====== Exercise material ======

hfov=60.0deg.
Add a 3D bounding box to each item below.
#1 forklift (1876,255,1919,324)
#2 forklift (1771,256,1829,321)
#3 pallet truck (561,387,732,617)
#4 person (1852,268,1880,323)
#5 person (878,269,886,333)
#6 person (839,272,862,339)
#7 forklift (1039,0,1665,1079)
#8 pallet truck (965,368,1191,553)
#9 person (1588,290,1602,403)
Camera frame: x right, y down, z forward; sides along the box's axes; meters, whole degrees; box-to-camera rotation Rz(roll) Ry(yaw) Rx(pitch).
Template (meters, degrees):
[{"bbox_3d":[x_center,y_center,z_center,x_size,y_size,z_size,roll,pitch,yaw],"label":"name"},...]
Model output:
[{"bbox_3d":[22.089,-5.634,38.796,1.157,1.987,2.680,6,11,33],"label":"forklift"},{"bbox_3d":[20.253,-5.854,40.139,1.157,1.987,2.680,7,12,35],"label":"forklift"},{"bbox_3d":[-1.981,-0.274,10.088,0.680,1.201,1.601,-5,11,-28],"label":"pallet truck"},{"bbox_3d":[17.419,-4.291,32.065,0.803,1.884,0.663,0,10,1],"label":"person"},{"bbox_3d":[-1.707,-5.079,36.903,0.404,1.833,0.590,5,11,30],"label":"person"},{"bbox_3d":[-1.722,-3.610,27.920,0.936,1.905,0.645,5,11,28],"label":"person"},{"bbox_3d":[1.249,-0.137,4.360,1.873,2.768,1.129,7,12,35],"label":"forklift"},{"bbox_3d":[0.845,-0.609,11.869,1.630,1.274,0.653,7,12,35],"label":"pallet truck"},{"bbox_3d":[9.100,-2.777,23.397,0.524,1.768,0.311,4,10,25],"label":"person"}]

======

**Exercise:**
Report each line above containing the string "roll".

**Reply:**
Camera frame: x right, y down, z forward; sides along the box's axes; meters, whole degrees; box-to-camera rotation Rz(roll) Ry(yaw) Rx(pitch).
[{"bbox_3d":[x_center,y_center,z_center,x_size,y_size,z_size,roll,pitch,yaw],"label":"name"},...]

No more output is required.